**Work instructions**
From the records below, print exactly the lines starting at the one containing "export function RunDetailsV2(props: RunDetailsV2Props)" and ending at the one containing "const [selectedTab, setSelectedTab]", ends included, and nothing else.

**Supplied material**
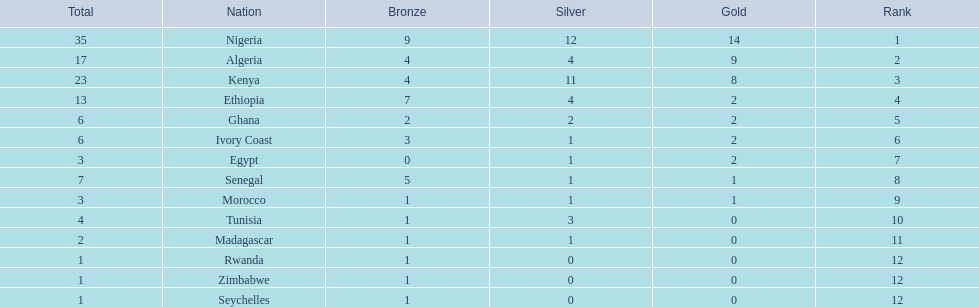Which country achieved the highest number of medals? Nigeria. 
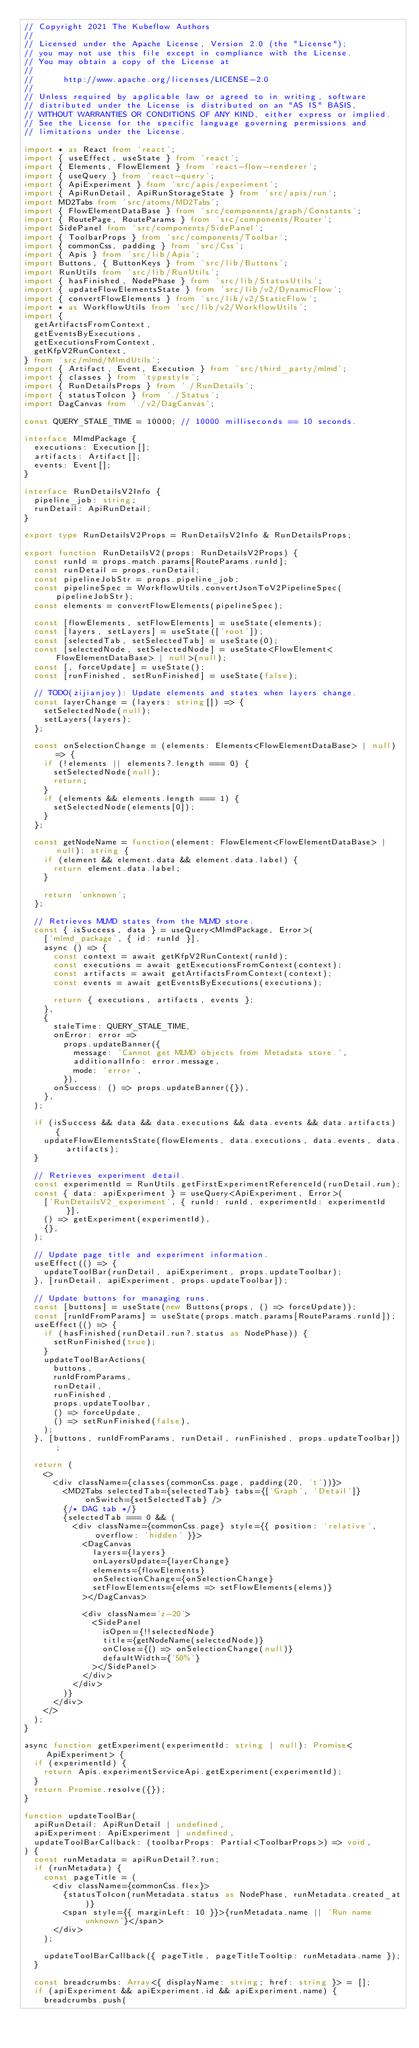Convert code to text. <code><loc_0><loc_0><loc_500><loc_500><_TypeScript_>// Copyright 2021 The Kubeflow Authors
//
// Licensed under the Apache License, Version 2.0 (the "License");
// you may not use this file except in compliance with the License.
// You may obtain a copy of the License at
//
//      http://www.apache.org/licenses/LICENSE-2.0
//
// Unless required by applicable law or agreed to in writing, software
// distributed under the License is distributed on an "AS IS" BASIS,
// WITHOUT WARRANTIES OR CONDITIONS OF ANY KIND, either express or implied.
// See the License for the specific language governing permissions and
// limitations under the License.

import * as React from 'react';
import { useEffect, useState } from 'react';
import { Elements, FlowElement } from 'react-flow-renderer';
import { useQuery } from 'react-query';
import { ApiExperiment } from 'src/apis/experiment';
import { ApiRunDetail, ApiRunStorageState } from 'src/apis/run';
import MD2Tabs from 'src/atoms/MD2Tabs';
import { FlowElementDataBase } from 'src/components/graph/Constants';
import { RoutePage, RouteParams } from 'src/components/Router';
import SidePanel from 'src/components/SidePanel';
import { ToolbarProps } from 'src/components/Toolbar';
import { commonCss, padding } from 'src/Css';
import { Apis } from 'src/lib/Apis';
import Buttons, { ButtonKeys } from 'src/lib/Buttons';
import RunUtils from 'src/lib/RunUtils';
import { hasFinished, NodePhase } from 'src/lib/StatusUtils';
import { updateFlowElementsState } from 'src/lib/v2/DynamicFlow';
import { convertFlowElements } from 'src/lib/v2/StaticFlow';
import * as WorkflowUtils from 'src/lib/v2/WorkflowUtils';
import {
  getArtifactsFromContext,
  getEventsByExecutions,
  getExecutionsFromContext,
  getKfpV2RunContext,
} from 'src/mlmd/MlmdUtils';
import { Artifact, Event, Execution } from 'src/third_party/mlmd';
import { classes } from 'typestyle';
import { RunDetailsProps } from './RunDetails';
import { statusToIcon } from './Status';
import DagCanvas from './v2/DagCanvas';

const QUERY_STALE_TIME = 10000; // 10000 milliseconds == 10 seconds.

interface MlmdPackage {
  executions: Execution[];
  artifacts: Artifact[];
  events: Event[];
}

interface RunDetailsV2Info {
  pipeline_job: string;
  runDetail: ApiRunDetail;
}

export type RunDetailsV2Props = RunDetailsV2Info & RunDetailsProps;

export function RunDetailsV2(props: RunDetailsV2Props) {
  const runId = props.match.params[RouteParams.runId];
  const runDetail = props.runDetail;
  const pipelineJobStr = props.pipeline_job;
  const pipelineSpec = WorkflowUtils.convertJsonToV2PipelineSpec(pipelineJobStr);
  const elements = convertFlowElements(pipelineSpec);

  const [flowElements, setFlowElements] = useState(elements);
  const [layers, setLayers] = useState(['root']);
  const [selectedTab, setSelectedTab] = useState(0);
  const [selectedNode, setSelectedNode] = useState<FlowElement<FlowElementDataBase> | null>(null);
  const [, forceUpdate] = useState();
  const [runFinished, setRunFinished] = useState(false);

  // TODO(zijianjoy): Update elements and states when layers change.
  const layerChange = (layers: string[]) => {
    setSelectedNode(null);
    setLayers(layers);
  };

  const onSelectionChange = (elements: Elements<FlowElementDataBase> | null) => {
    if (!elements || elements?.length === 0) {
      setSelectedNode(null);
      return;
    }
    if (elements && elements.length === 1) {
      setSelectedNode(elements[0]);
    }
  };

  const getNodeName = function(element: FlowElement<FlowElementDataBase> | null): string {
    if (element && element.data && element.data.label) {
      return element.data.label;
    }

    return 'unknown';
  };

  // Retrieves MLMD states from the MLMD store.
  const { isSuccess, data } = useQuery<MlmdPackage, Error>(
    ['mlmd_package', { id: runId }],
    async () => {
      const context = await getKfpV2RunContext(runId);
      const executions = await getExecutionsFromContext(context);
      const artifacts = await getArtifactsFromContext(context);
      const events = await getEventsByExecutions(executions);

      return { executions, artifacts, events };
    },
    {
      staleTime: QUERY_STALE_TIME,
      onError: error =>
        props.updateBanner({
          message: 'Cannot get MLMD objects from Metadata store.',
          additionalInfo: error.message,
          mode: 'error',
        }),
      onSuccess: () => props.updateBanner({}),
    },
  );

  if (isSuccess && data && data.executions && data.events && data.artifacts) {
    updateFlowElementsState(flowElements, data.executions, data.events, data.artifacts);
  }

  // Retrieves experiment detail.
  const experimentId = RunUtils.getFirstExperimentReferenceId(runDetail.run);
  const { data: apiExperiment } = useQuery<ApiExperiment, Error>(
    ['RunDetailsV2_experiment', { runId: runId, experimentId: experimentId }],
    () => getExperiment(experimentId),
    {},
  );

  // Update page title and experiment information.
  useEffect(() => {
    updateToolBar(runDetail, apiExperiment, props.updateToolbar);
  }, [runDetail, apiExperiment, props.updateToolbar]);

  // Update buttons for managing runs.
  const [buttons] = useState(new Buttons(props, () => forceUpdate));
  const [runIdFromParams] = useState(props.match.params[RouteParams.runId]);
  useEffect(() => {
    if (hasFinished(runDetail.run?.status as NodePhase)) {
      setRunFinished(true);
    }
    updateToolBarActions(
      buttons,
      runIdFromParams,
      runDetail,
      runFinished,
      props.updateToolbar,
      () => forceUpdate,
      () => setRunFinished(false),
    );
  }, [buttons, runIdFromParams, runDetail, runFinished, props.updateToolbar]);

  return (
    <>
      <div className={classes(commonCss.page, padding(20, 't'))}>
        <MD2Tabs selectedTab={selectedTab} tabs={['Graph', 'Detail']} onSwitch={setSelectedTab} />
        {/* DAG tab */}
        {selectedTab === 0 && (
          <div className={commonCss.page} style={{ position: 'relative', overflow: 'hidden' }}>
            <DagCanvas
              layers={layers}
              onLayersUpdate={layerChange}
              elements={flowElements}
              onSelectionChange={onSelectionChange}
              setFlowElements={elems => setFlowElements(elems)}
            ></DagCanvas>

            <div className='z-20'>
              <SidePanel
                isOpen={!!selectedNode}
                title={getNodeName(selectedNode)}
                onClose={() => onSelectionChange(null)}
                defaultWidth={'50%'}
              ></SidePanel>
            </div>
          </div>
        )}
      </div>
    </>
  );
}

async function getExperiment(experimentId: string | null): Promise<ApiExperiment> {
  if (experimentId) {
    return Apis.experimentServiceApi.getExperiment(experimentId);
  }
  return Promise.resolve({});
}

function updateToolBar(
  apiRunDetail: ApiRunDetail | undefined,
  apiExperiment: ApiExperiment | undefined,
  updateToolBarCallback: (toolbarProps: Partial<ToolbarProps>) => void,
) {
  const runMetadata = apiRunDetail?.run;
  if (runMetadata) {
    const pageTitle = (
      <div className={commonCss.flex}>
        {statusToIcon(runMetadata.status as NodePhase, runMetadata.created_at)}
        <span style={{ marginLeft: 10 }}>{runMetadata.name || 'Run name unknown'}</span>
      </div>
    );

    updateToolBarCallback({ pageTitle, pageTitleTooltip: runMetadata.name });
  }

  const breadcrumbs: Array<{ displayName: string; href: string }> = [];
  if (apiExperiment && apiExperiment.id && apiExperiment.name) {
    breadcrumbs.push(</code> 
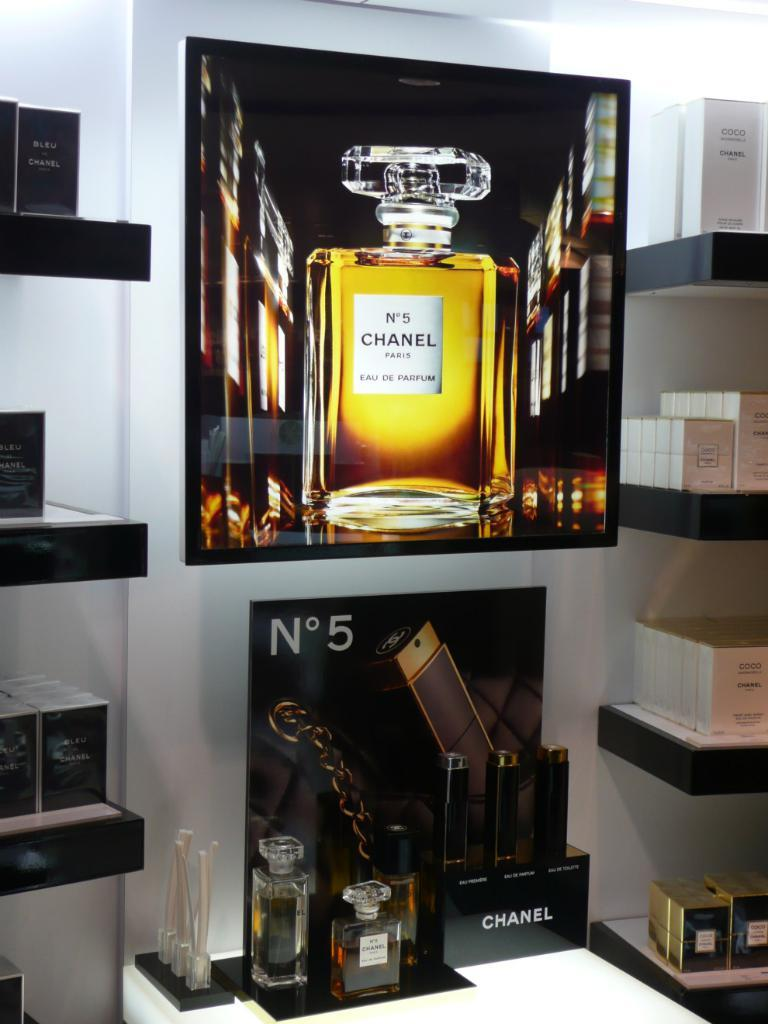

**Completed exercise**
export function RunDetailsV2(props: RunDetailsV2Props) {
  const runId = props.match.params[RouteParams.runId];
  const runDetail = props.runDetail;
  const pipelineJobStr = props.pipeline_job;
  const pipelineSpec = WorkflowUtils.convertJsonToV2PipelineSpec(pipelineJobStr);
  const elements = convertFlowElements(pipelineSpec);

  const [flowElements, setFlowElements] = useState(elements);
  const [layers, setLayers] = useState(['root']);
  const [selectedTab, setSelectedTab] = useState(0);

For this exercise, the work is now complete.